El cambio político ofrecido por Abinader prendió en el seno del pueblo, tanto que le permitió
ganar los comicios en primera vuelta a pesar de los esfuerzos de Danilo Medina por impedirlo
utilizando los recursos del Estado.
Abinader prometió sanear el Estado mediante políticas públicas transparente y honesta
dejando claro que no tolerará la corrupción y que su administración estará caracterizada por
el fin de la impunidad y castigo a los desfalcadores del Estado. Las señales fueron claras al
designar a Mirian Germán como Procuradora General de la República y al señor Carlos
Pimentel al frente del departamento de Compras y Contrataciones, ambos sin militancia
partidaria y una práctica social apegada a valores éticos y morales. El presidente ha dado
señales claras de sus objetivos en el manejo de los fondos públicos; ha eliminado o fusionado
instituciones o departamentos innecesarios, economizado miles de millones de pesos
eliminando botellas, nominillas, etc.
Los cambios en la manera de hacer política son evidentes. El Estado en manos de Abinader no
es una fuente de enriquecimiento de funcionarios o grupos políticos. Las encuestas dicen que
el mandatario va bien. Alrededor del 90% lo dice. Es el segundo presidente de la región mejor
valorado por su pueblo.
Sin embargo, en materia de comunicación, hay una gran deficiencia. El gobierno no se está
vendiendo bien. El presidente es su propio vocero, y del gobierno. Nadie más parece tener la
autoridad y la capacidad de hablarle al pueblo y ser creíble.
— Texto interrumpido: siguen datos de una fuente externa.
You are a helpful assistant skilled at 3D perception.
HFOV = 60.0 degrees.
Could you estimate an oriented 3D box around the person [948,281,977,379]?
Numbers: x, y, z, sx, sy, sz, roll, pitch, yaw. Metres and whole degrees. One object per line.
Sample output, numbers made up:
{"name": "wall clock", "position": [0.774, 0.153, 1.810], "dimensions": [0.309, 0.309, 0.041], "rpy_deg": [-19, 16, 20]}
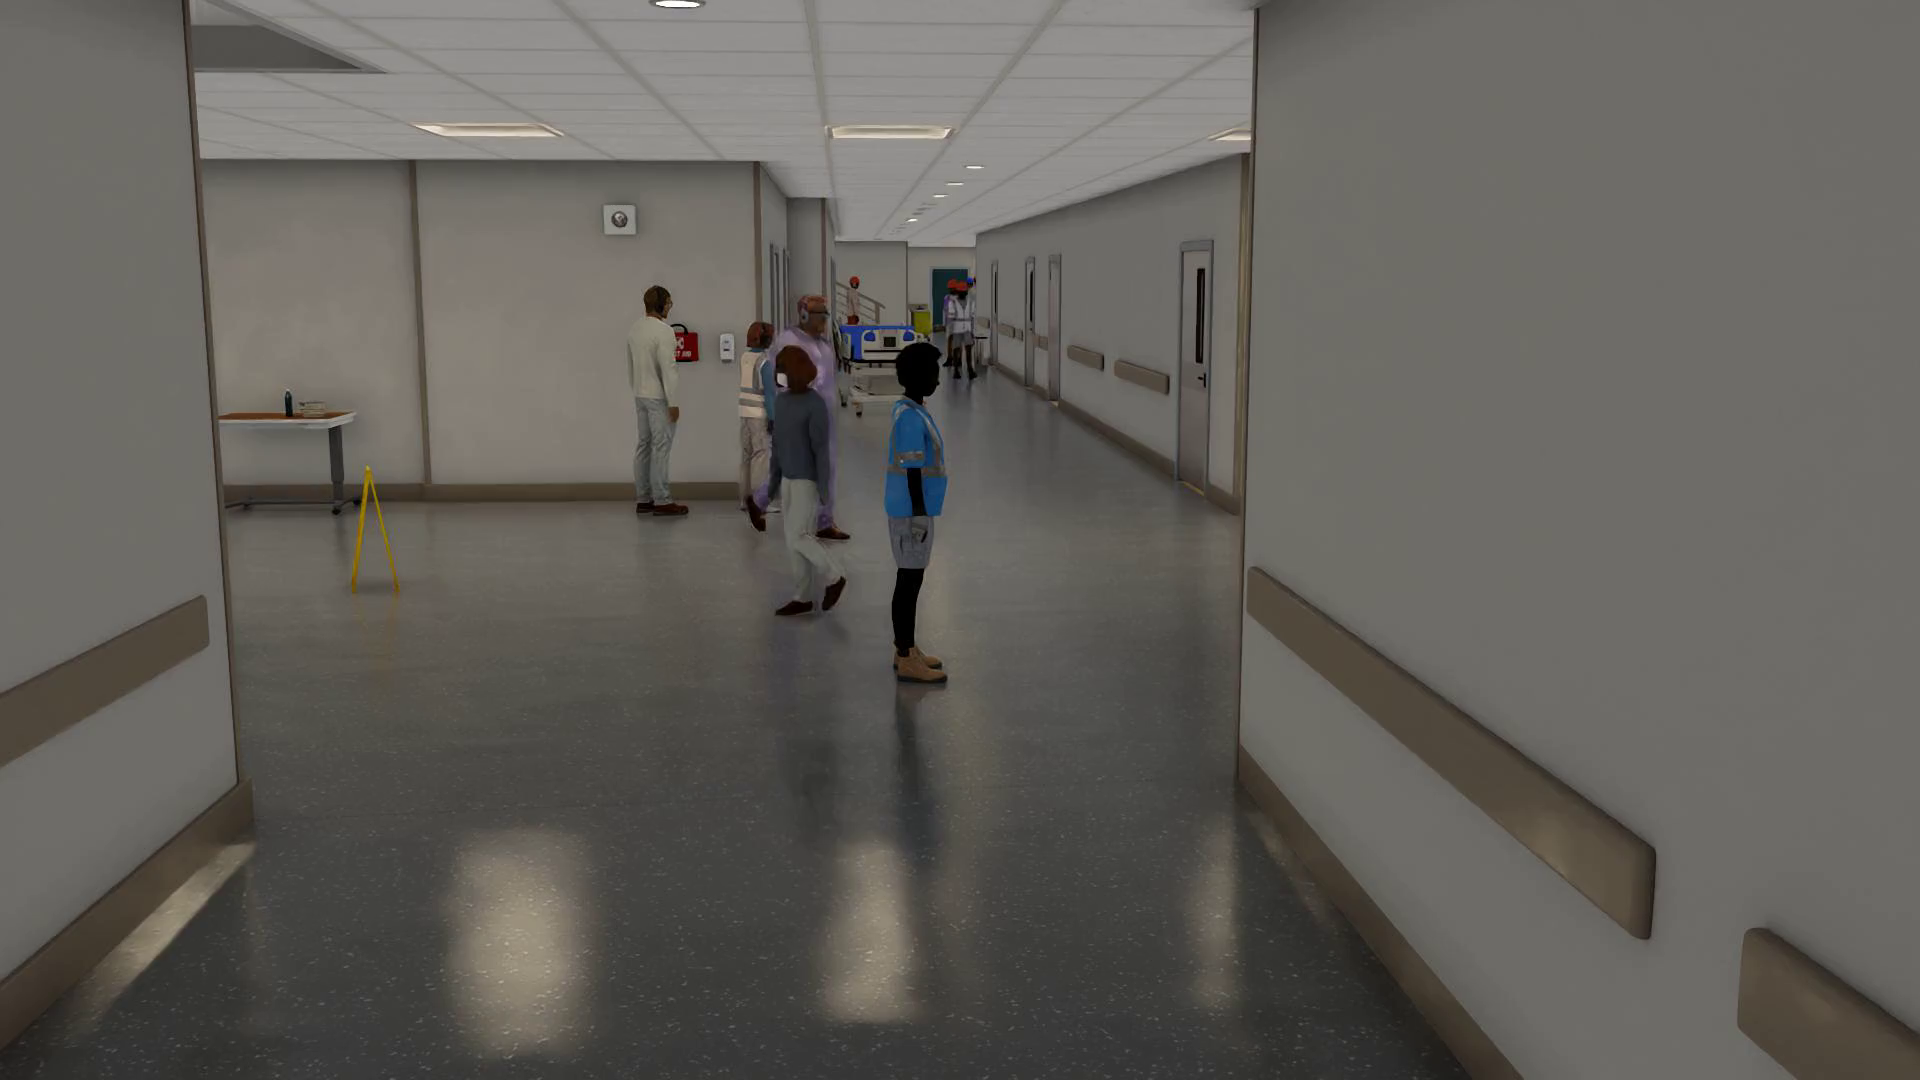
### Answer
{"name": "person", "position": [0.059, -4.059, 32.300], "dimensions": [0.568, 1.890, 0.946], "rpy_deg": [-3, 10, -18]}

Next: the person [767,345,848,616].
{"name": "person", "position": [-0.947, -0.340, 9.825], "dimensions": [0.369, 1.621, 0.506], "rpy_deg": [-6, 11, -33]}

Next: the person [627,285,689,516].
{"name": "person", "position": [-2.566, -1.171, 14.033], "dimensions": [0.353, 1.937, 0.635], "rpy_deg": [-8, 12, -40]}

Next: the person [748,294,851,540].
{"name": "person", "position": [-1.242, -0.939, 12.754], "dimensions": [0.766, 1.881, 0.639], "rpy_deg": [6, 11, 34]}

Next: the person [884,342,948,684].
{"name": "person", "position": [-0.222, -0.141, 8.323], "dimensions": [0.318, 1.696, 0.532], "rpy_deg": [-1, 9, -4]}

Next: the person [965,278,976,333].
{"name": "person", "position": [0.327, -6.980, 50.469], "dimensions": [0.402, 1.949, 0.605], "rpy_deg": [0, 9, -1]}

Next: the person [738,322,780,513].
{"name": "person", "position": [-1.719, -1.039, 14.170], "dimensions": [0.319, 1.628, 0.508], "rpy_deg": [-6, 11, -35]}

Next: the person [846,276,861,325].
{"name": "person", "position": [-2.758, -5.856, 43.264], "dimensions": [0.396, 1.992, 0.623], "rpy_deg": [-4, 10, -23]}

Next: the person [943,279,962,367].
{"name": "person", "position": [-0.145, -4.808, 36.872], "dimensions": [0.553, 1.934, 0.363], "rpy_deg": [4, 10, 25]}

No hay un hilo conductor, una línea política comunicacional que señale el camino en función
de las ejecutorias del gobierno, no sólo del presidente que se ve obligado a hablar casi todos
los días, responder críticas, etc. La comunicación luce dispersa, anárquica, incoherente e
insustancial. El gobierno está siempre a la defensiva, respondiéndola a todo el que critica,
generalmente con mala leche. ¡Y no puede ser!
La publicidad del Estado ha sido un caramelo que muchos desean centralizar o dirigir desde sus
escritorios. Los gobiernos anteriores tenían la propaganda y la publicidad como elementos de
acumulación de riqueza, envilecimiento de la prensa, comprando periodistas. Gastaban miles
de millones de pesos todos los años. Entre diez y 12 millones diarios. Un derroche enorme.
Dueños de medios de comunicación, “líderes” de opinión y varios “infuencer”, algunos
analfabetos, se convirtieron en millonarios en poco tiempo. Cambiar esa política, es parte del
cambio que ofrecieron el PRM y Luís Abinader, que incluso prometió una ley de publicidad
para regularla y ponerle límites.
La estructura comunicacional del PLD es muy fuerte, está bien organizada y tiene muchos
recursos, que le han permitido continuar operando, haciendo un gran trabajo para los
contrarios. Y lo que es peor, buena parte de la publicidad estatal le sigue cayendo como si
todavía estuvieran en el gobierno.

Siento que el gobierno se deja chantajear y extorsionar por los medios y por los
comunicadores de la red del PLD que están al asecho de cualquier pifia por mínima que sea
para potenciarla y hacer ruidos que dañen la imagen del gobierno. (Algunos funcionarios les
hacen el juego ingenuamente)
El cambio debe llegar a los medios de comunicación a través de una política comunicacional
bien diseñada, bien dirigida, bien planificada, coherente con las acciones del presidente Luís
Abinader y los ministros. La población tiene que saber que los funcionarios están actuando
bien, con transparencia y con honestidad, que las medidas que se adoptan son para beneficios
de todos. Pero hay que llegar a la gente con la verdad, hay que ser creíble, que nadie ponga en
duda la palabra del presidente o de sus funcionarios. Hay que saber vender las ideas y las
acciones del gobierno para evitar confusiones y falsedades, porque ellos son expertos en
convertir una mentira en verdad.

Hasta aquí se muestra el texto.